As for the divorce, were you not entitled to anything? You need to find a lawyer (legal clinic which should be free? Pro Bono?) of some sort to help you figure out what you entitled to.

Jake2008
Jan 18, 2011, 09:45 AM
With you being financially dependent and also emotionally dependent upon a partner to take care of your every need, you are suddenly left with no understanding of how to care for, and take care of, yourself, when that support ends.

Many people who have been hard working, responsible individuals who have contributed to society for 50 years, can also find themselves in the same position you are in, through no fault of their own.

In other words, you are not in particularly unique circumstances. Many of us have lost everything, and have had to learn to rebuild our lives.

You have already found social services to help you pay your rent, electricity and food stamps. Are you being evicted because of the dog, or are you just in a place that you'd rather not be anyway.

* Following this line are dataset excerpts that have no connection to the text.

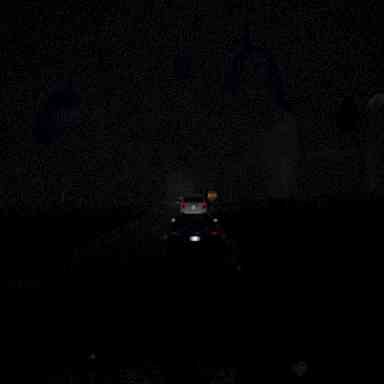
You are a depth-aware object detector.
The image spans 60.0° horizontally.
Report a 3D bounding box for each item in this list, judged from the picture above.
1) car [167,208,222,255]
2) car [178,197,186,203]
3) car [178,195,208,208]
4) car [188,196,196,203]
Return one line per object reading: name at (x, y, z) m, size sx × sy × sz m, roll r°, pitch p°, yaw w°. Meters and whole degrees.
car at (0.103, 1.550, 13.244) m, size 1.994 × 1.385 × 4.181 m, roll 0°, pitch 0°, yaw 0°
car at (-2.712, 2.167, 89.880) m, size 1.994 × 1.385 × 4.181 m, roll 0°, pitch -1°, yaw 0°
car at (0.115, 1.225, 27.595) m, size 2.150 × 2.045 × 5.566 m, roll 0°, pitch 0°, yaw 0°
car at (0.036, 1.914, 87.362) m, size 2.097 × 1.767 × 4.553 m, roll 0°, pitch -1°, yaw 0°
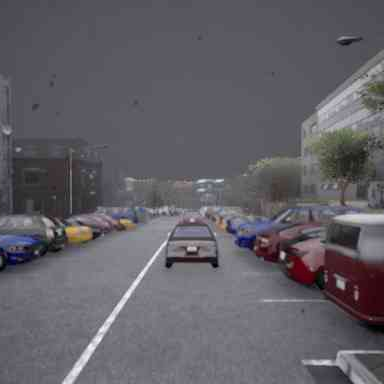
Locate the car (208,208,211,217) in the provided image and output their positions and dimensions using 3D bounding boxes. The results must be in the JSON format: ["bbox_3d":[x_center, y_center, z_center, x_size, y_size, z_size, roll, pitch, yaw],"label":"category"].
[{"bbox_3d":[4.640,2.964,39.292,4.892,1.521,2.231,0,-2,0],"label":"car"}]

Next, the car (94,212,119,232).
[{"bbox_3d":[-7.679,2.271,22.398,4.674,1.452,2.002,0,-2,0],"label":"car"}]

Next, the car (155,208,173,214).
[{"bbox_3d":[-7.694,5.219,91.320,4.892,1.521,2.231,0,-2,0],"label":"car"}]

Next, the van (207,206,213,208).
[{"bbox_3d":[4.529,2.979,44.884,4.442,1.987,1.878,0,-2,0],"label":"van"}]

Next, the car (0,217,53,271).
[{"bbox_3d":[-7.687,1.747,11.121,5.008,1.535,2.097,0,-2,0],"label":"car"}]

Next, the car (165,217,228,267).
[{"bbox_3d":[0.006,1.877,12.619,2.033,1.411,5.357,0,-2,0],"label":"car"}]

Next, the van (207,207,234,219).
[{"bbox_3d":[4.761,3.463,56.048,4.442,1.987,1.878,0,-2,0],"label":"van"}]

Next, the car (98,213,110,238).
[{"bbox_3d":[-7.653,2.140,19.612,4.792,1.488,2.163,0,-2,0],"label":"car"}]

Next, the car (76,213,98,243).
[{"bbox_3d":[-7.867,1.986,16.824,5.366,1.575,1.946,0,-2,0],"label":"car"}]

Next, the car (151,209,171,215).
[{"bbox_3d":[-7.684,4.882,82.636,4.674,1.452,2.002,0,-2,0],"label":"car"}]

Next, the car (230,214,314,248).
[{"bbox_3d":[4.619,2.025,16.963,4.792,1.488,2.163,0,-2,0],"label":"car"}]

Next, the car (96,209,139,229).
[{"bbox_3d":[-7.498,2.470,27.978,5.366,1.575,1.946,0,-2,0],"label":"car"}]

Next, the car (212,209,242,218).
[{"bbox_3d":[4.832,2.597,30.919,5.366,1.575,1.946,0,-2,0],"label":"car"}]

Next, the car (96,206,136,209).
[{"bbox_3d":[-7.712,2.337,30.652,5.566,2.045,2.435,0,-2,0],"label":"car"}]

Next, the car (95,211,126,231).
[{"bbox_3d":[-7.680,2.387,25.063,4.674,1.452,2.002,0,-2,0],"label":"car"}]

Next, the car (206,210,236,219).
[{"bbox_3d":[4.642,3.608,53.245,4.674,1.452,2.002,0,-2,0],"label":"car"}]

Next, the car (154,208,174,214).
[{"bbox_3d":[-7.873,5.348,94.380,5.366,1.575,1.946,0,-2,0],"label":"car"}]

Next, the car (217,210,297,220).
[{"bbox_3d":[4.833,2.355,25.337,5.366,1.575,1.946,0,-2,0],"label":"car"}]

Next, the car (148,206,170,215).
[{"bbox_3d":[-7.715,4.209,73.843,5.566,2.045,2.435,0,-2,0],"label":"car"}]

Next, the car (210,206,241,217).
[{"bbox_3d":[4.614,2.717,36.508,4.553,1.767,2.185,0,-2,0],"label":"car"}]

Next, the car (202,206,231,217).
[{"bbox_3d":[4.672,3.801,64.423,5.566,2.045,2.435,0,-2,0],"label":"car"}]

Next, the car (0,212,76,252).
[{"bbox_3d":[-7.651,1.738,13.914,4.553,1.767,2.185,0,-2,0],"label":"car"}]

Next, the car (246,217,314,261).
[{"bbox_3d":[4.648,1.760,11.441,5.008,1.535,2.097,0,-2,0],"label":"car"}]

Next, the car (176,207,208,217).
[{"bbox_3d":[0.014,2.368,28.536,2.097,1.767,4.553,0,-3,0],"label":"car"}]

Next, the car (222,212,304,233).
[{"bbox_3d":[4.677,2.267,22.545,4.792,1.488,2.163,0,-2,0],"label":"car"}]

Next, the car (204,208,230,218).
[{"bbox_3d":[4.613,3.805,61.625,4.553,1.767,2.185,0,-2,0],"label":"car"}]

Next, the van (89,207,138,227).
[{"bbox_3d":[-7.800,2.483,33.439,4.442,1.987,1.878,0,-2,0],"label":"van"}]

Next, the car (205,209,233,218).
[{"bbox_3d":[4.673,3.839,58.830,4.792,1.488,2.163,0,-2,0],"label":"car"}]

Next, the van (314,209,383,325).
[{"bbox_3d":[4.766,1.354,5.832,4.442,1.987,1.878,0,-2,0],"label":"van"}]

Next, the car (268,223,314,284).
[{"bbox_3d":[4.678,1.687,8.609,4.792,1.488,2.163,0,-2,0],"label":"car"}]

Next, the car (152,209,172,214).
[{"bbox_3d":[-7.717,4.999,85.573,4.792,1.488,2.163,0,-2,0],"label":"car"}]

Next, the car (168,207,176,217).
[{"bbox_3d":[-3.037,4.097,63.532,1.994,1.385,4.181,0,-2,1],"label":"car"}]

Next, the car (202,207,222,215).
[{"bbox_3d":[4.674,4.537,78.496,4.553,1.767,2.185,0,-2,0],"label":"car"}]

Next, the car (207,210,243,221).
[{"bbox_3d":[4.640,3.331,47.790,5.008,1.535,2.097,0,-2,0],"label":"car"}]

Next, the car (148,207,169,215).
[{"bbox_3d":[-7.656,4.456,76.648,4.553,1.767,2.185,0,-2,0],"label":"car"}]

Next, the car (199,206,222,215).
[{"bbox_3d":[4.614,4.647,83.959,5.566,2.045,2.435,0,-2,0],"label":"car"}]
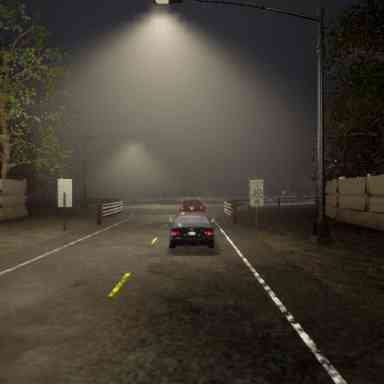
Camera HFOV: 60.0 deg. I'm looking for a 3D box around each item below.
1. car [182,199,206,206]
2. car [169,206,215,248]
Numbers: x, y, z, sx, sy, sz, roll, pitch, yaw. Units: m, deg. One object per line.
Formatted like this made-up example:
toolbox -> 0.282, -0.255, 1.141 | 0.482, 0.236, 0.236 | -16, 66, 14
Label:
car -> 0.141, 1.374, 29.488 | 2.097, 1.767, 4.553 | 0, 0, 4
car -> 0.000, 1.566, 14.659 | 2.033, 1.411, 5.357 | 0, 0, 0
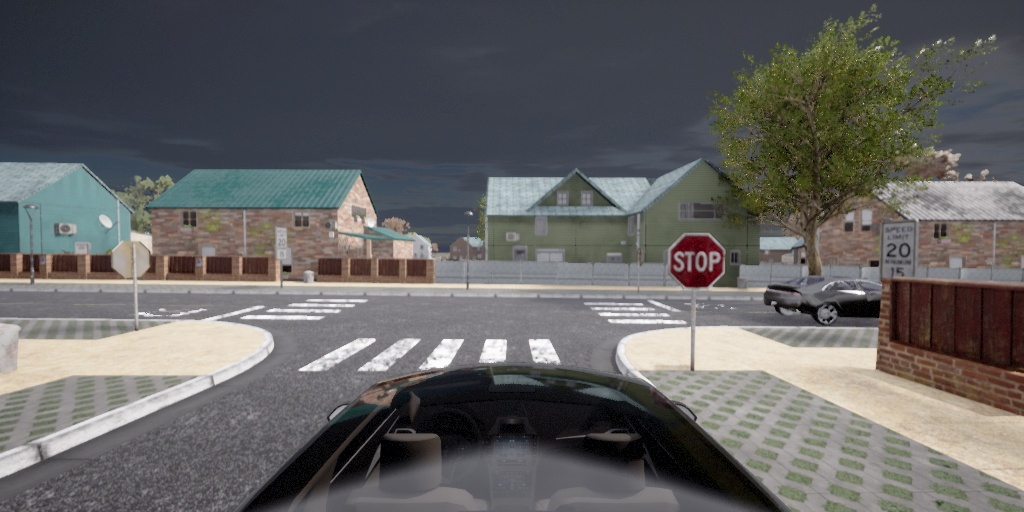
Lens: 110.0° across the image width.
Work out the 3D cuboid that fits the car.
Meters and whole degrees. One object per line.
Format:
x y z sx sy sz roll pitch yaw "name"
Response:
11.306 1.441 12.185 4.902 1.511 2.128 1 1 -1 "car"
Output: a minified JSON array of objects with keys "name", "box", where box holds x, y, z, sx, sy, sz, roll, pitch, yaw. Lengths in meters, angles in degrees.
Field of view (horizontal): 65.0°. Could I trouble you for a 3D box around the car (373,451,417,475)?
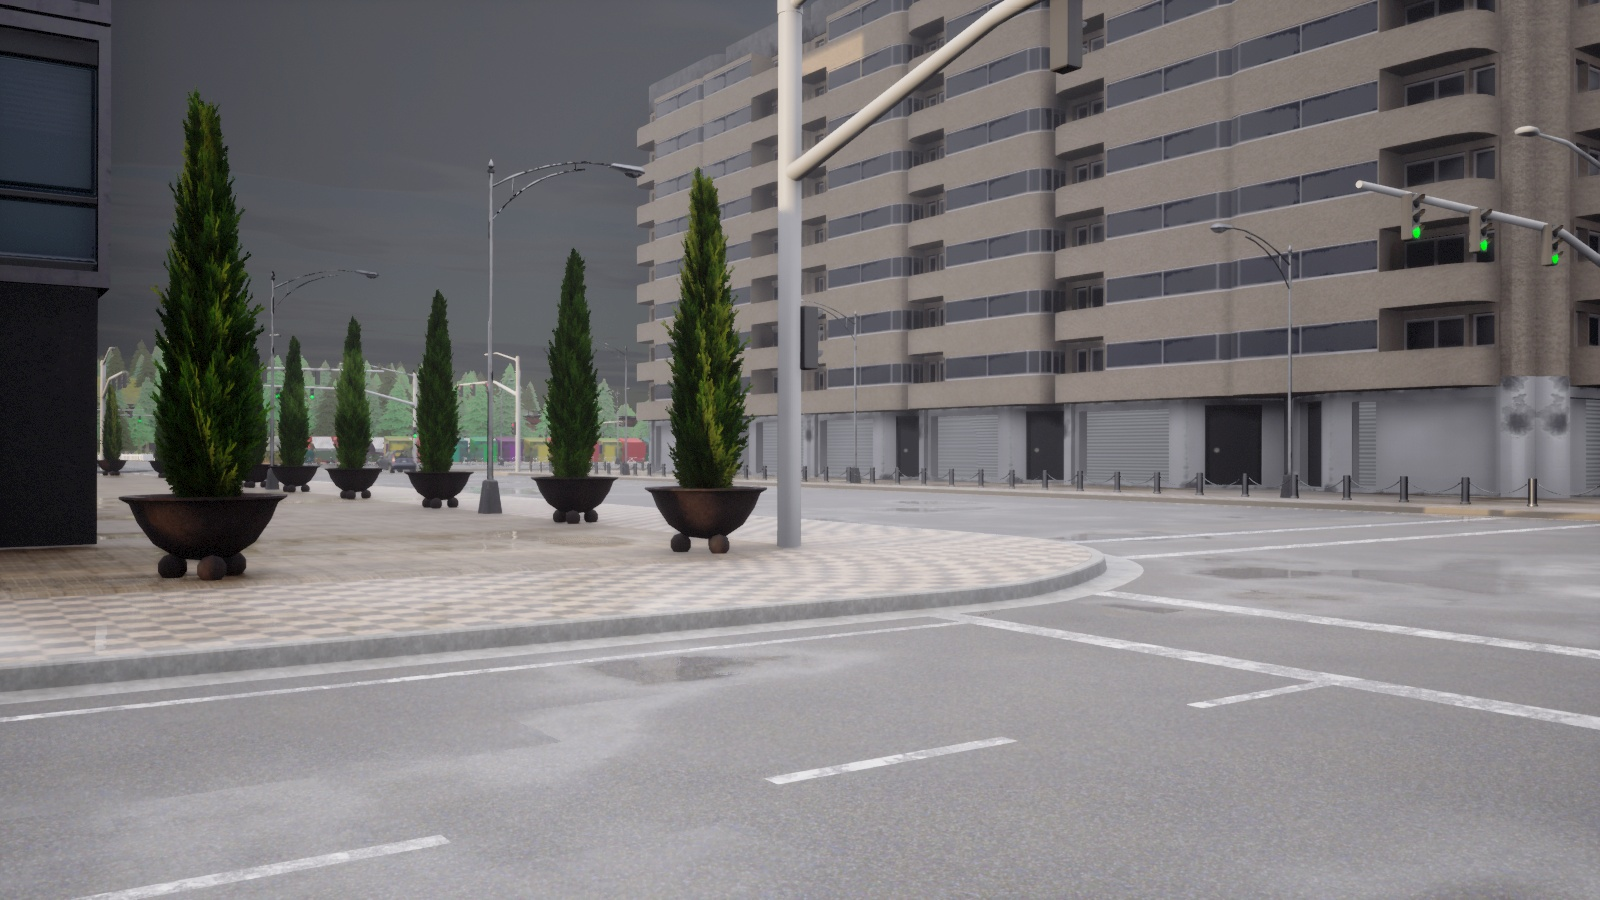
[{"name":"car","box":[-28.555,0.892,88.486,1.851,1.617,3.988,0,0,-36]}]
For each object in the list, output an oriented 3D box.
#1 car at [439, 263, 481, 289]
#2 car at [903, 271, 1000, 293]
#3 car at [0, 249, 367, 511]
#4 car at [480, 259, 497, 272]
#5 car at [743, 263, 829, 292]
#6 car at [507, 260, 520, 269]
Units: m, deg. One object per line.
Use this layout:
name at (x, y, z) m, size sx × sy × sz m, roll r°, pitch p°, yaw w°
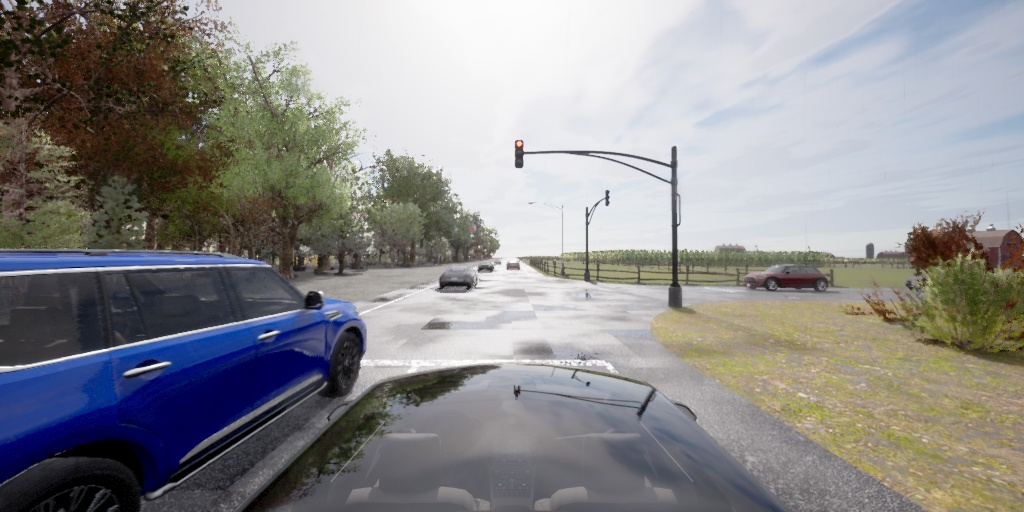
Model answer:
car at (-3.366, 1.315, 23.000) m, size 1.994 × 1.385 × 4.181 m, roll 0°, pitch 0°, yaw 0°
car at (28.602, 1.618, 23.369) m, size 4.892 × 1.490 × 1.837 m, roll 0°, pitch -1°, yaw 1°
car at (-3.394, 0.972, 3.367) m, size 2.150 × 2.045 × 5.566 m, roll 0°, pitch 0°, yaw 0°
car at (-3.328, 1.349, 46.680) m, size 1.895 × 1.301 × 4.718 m, roll 0°, pitch 0°, yaw 0°
car at (17.772, 1.348, 23.474) m, size 4.553 × 1.767 × 2.097 m, roll 1°, pitch -1°, yaw 1°
car at (0.192, 1.310, 55.727) m, size 1.994 × 1.385 × 4.181 m, roll 0°, pitch 0°, yaw 0°
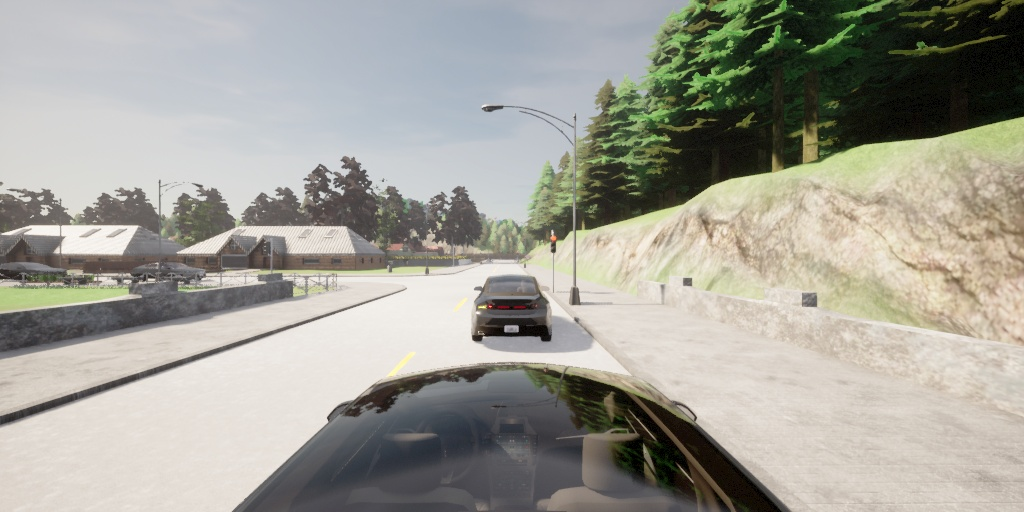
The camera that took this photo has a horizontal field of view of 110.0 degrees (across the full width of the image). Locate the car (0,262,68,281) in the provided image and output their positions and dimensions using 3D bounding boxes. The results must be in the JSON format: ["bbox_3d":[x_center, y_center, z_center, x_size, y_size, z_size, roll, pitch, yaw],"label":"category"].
[{"bbox_3d":[-37.885,1.228,28.017,5.008,1.535,1.882,0,0,0],"label":"car"}]

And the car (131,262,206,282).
[{"bbox_3d":[-26.813,1.241,28.108,4.902,1.511,2.128,0,0,0],"label":"car"}]

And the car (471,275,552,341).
[{"bbox_3d":[-0.010,1.255,9.813,1.837,1.490,4.892,0,0,0],"label":"car"}]

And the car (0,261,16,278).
[{"bbox_3d":[-48.134,1.228,32.066,5.008,1.535,1.882,0,0,0],"label":"car"}]

Are you not receiving any support or assets from your marriage? Have you seen a lawyer?

You have many options. You could apply through the many resources available to people like you with similar circumstances, for subsidies from everything to housing, to education, to health care (if you are in the States). There are women's organizations that can guide you as well, and provide information and referral to anything you may need.

Have you been diagnosed, through clinical evaluation, with an anxiety disorder, and are you receiving ongoing help for this? Has this disorder been a major factor in how you've ended up where you are, or is it something that has come to light, when you found yourself on your own.

The bottom line here is that you are the only one that can set goals for yourself, and achieve them. If you want a better life, you have to get out there and find ways to make it happen. With all of the resources available to you, and considering that you are only 24, if you look at this whole thing as an opportunity, instead of a death sentence, you can accomplish anything you set your mind to.